-- Task goal --
Scan the records below for the word "range". Copy each line where it appears.

-- Extracted data --
────────────────────

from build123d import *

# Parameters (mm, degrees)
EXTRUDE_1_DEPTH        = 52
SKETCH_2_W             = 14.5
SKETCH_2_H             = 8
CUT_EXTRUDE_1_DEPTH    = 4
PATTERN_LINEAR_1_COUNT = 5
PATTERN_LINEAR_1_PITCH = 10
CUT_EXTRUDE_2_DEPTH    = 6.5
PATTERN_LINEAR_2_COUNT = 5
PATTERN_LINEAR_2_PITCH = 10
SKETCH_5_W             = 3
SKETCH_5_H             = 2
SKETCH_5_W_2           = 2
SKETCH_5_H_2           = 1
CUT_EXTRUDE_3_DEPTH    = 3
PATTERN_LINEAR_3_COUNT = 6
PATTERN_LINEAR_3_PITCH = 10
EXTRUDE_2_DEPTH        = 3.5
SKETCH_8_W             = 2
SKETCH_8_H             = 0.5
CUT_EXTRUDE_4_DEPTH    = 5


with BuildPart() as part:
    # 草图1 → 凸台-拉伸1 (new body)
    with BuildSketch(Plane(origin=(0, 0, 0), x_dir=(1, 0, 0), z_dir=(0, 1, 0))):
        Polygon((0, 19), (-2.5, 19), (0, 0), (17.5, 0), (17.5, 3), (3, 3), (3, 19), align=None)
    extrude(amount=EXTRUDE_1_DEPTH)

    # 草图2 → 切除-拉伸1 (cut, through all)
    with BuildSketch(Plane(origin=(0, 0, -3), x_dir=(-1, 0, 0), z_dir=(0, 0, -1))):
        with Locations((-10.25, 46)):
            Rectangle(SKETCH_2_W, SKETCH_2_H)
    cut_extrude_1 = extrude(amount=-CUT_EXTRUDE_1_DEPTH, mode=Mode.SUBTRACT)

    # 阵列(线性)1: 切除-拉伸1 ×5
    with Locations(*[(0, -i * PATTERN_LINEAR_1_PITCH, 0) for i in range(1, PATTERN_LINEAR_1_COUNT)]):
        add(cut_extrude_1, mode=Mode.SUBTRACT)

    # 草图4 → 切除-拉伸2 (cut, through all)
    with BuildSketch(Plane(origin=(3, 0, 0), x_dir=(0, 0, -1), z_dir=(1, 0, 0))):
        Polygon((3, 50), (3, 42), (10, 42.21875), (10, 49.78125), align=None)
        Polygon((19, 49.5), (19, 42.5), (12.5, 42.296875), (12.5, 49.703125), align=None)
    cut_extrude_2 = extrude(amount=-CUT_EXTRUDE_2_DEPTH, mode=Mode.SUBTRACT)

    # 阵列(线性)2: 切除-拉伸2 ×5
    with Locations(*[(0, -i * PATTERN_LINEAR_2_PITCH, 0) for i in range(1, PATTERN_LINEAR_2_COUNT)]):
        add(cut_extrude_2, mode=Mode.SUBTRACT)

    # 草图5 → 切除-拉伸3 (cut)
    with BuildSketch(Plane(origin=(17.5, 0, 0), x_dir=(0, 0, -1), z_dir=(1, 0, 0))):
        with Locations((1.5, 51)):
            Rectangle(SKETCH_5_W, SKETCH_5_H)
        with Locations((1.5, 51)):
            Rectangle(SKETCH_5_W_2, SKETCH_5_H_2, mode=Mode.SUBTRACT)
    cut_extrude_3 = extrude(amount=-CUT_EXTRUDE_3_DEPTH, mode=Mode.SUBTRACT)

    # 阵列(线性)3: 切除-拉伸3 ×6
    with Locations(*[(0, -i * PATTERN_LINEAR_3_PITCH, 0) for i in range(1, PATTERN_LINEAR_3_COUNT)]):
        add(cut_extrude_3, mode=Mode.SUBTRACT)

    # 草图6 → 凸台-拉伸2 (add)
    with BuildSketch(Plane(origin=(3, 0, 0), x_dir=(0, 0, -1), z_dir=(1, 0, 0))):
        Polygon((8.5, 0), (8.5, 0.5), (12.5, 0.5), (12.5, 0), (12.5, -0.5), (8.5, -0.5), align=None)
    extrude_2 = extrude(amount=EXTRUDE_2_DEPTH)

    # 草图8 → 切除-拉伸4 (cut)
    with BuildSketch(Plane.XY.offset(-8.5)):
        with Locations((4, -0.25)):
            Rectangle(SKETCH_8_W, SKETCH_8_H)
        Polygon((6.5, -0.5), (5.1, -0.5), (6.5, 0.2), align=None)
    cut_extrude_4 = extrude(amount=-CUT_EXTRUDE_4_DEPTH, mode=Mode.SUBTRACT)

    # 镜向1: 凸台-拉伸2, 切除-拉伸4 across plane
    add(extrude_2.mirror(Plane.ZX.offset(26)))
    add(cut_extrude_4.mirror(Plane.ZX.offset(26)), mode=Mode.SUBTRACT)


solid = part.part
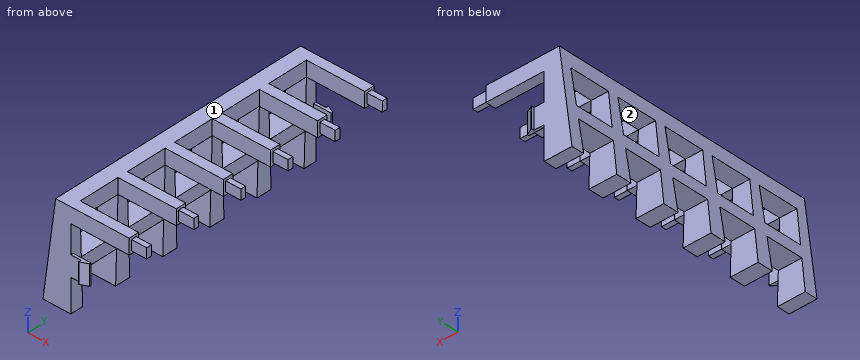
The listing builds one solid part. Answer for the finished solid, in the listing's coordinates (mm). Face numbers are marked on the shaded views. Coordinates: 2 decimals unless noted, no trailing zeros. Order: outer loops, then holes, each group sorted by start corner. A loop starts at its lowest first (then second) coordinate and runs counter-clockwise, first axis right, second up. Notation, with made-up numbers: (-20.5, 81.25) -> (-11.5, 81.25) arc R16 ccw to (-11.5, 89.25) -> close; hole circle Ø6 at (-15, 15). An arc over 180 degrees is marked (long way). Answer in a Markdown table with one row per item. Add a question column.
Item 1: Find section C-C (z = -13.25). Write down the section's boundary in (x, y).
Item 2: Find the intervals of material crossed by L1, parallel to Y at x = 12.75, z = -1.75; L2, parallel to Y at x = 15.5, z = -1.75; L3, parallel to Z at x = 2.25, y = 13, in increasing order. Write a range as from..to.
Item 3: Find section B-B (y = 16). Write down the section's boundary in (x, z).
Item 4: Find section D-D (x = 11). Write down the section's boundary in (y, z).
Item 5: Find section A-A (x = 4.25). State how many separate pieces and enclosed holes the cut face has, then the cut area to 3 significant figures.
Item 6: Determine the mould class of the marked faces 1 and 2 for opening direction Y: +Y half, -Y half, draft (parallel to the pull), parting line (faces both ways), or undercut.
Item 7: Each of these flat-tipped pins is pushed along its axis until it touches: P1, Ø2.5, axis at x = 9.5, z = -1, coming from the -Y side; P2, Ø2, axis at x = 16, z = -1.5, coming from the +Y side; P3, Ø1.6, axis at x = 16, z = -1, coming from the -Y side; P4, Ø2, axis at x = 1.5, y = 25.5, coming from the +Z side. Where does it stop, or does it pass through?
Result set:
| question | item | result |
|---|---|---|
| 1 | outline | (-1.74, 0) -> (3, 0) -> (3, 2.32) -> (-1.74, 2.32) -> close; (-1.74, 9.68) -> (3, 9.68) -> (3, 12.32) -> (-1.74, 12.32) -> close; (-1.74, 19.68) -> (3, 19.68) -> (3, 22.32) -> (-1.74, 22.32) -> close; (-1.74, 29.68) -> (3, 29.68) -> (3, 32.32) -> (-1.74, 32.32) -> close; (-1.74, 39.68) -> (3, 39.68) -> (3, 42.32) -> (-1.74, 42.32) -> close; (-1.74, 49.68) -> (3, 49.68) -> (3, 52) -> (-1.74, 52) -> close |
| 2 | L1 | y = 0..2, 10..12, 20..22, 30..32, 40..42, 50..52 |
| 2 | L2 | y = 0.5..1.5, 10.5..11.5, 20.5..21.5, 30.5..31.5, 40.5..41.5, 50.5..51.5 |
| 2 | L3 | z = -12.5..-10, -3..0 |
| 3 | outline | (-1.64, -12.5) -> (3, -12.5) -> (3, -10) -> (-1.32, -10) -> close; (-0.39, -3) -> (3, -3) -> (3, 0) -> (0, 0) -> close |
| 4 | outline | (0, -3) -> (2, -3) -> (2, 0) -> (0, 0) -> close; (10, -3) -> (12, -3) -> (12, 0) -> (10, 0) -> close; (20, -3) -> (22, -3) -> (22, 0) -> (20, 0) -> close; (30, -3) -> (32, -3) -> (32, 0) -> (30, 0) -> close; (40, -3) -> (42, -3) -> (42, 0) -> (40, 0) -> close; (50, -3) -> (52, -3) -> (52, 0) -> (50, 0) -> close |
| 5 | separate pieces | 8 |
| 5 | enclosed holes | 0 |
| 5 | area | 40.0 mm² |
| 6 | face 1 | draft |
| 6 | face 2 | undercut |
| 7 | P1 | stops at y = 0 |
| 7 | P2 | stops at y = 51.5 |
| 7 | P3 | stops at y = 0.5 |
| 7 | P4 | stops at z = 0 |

────────────────────

-- Result below --
    with Locations(*[(0, -i * PATTERN_LINEAR_1_PITCH, 0) for i in range(1, PATTERN_LINEAR_1_COUNT)]):
    with Locations(*[(0, -i * PATTERN_LINEAR_2_PITCH, 0) for i in range(1, PATTERN_LINEAR_2_COUNT)]):
    with Locations(*[(0, -i * PATTERN_LINEAR_3_PITCH, 0) for i in range(1, PATTERN_LINEAR_3_COUNT)]):
Item 2: Find the intervals of material crossed by L1, parallel to Y at x = 12.75, z = -1.75; L2, parallel to Y at x = 15.5, z = -1.75; L3, parallel to Z at x = 2.25, y = 13, in increasing order. Write a range as from..to.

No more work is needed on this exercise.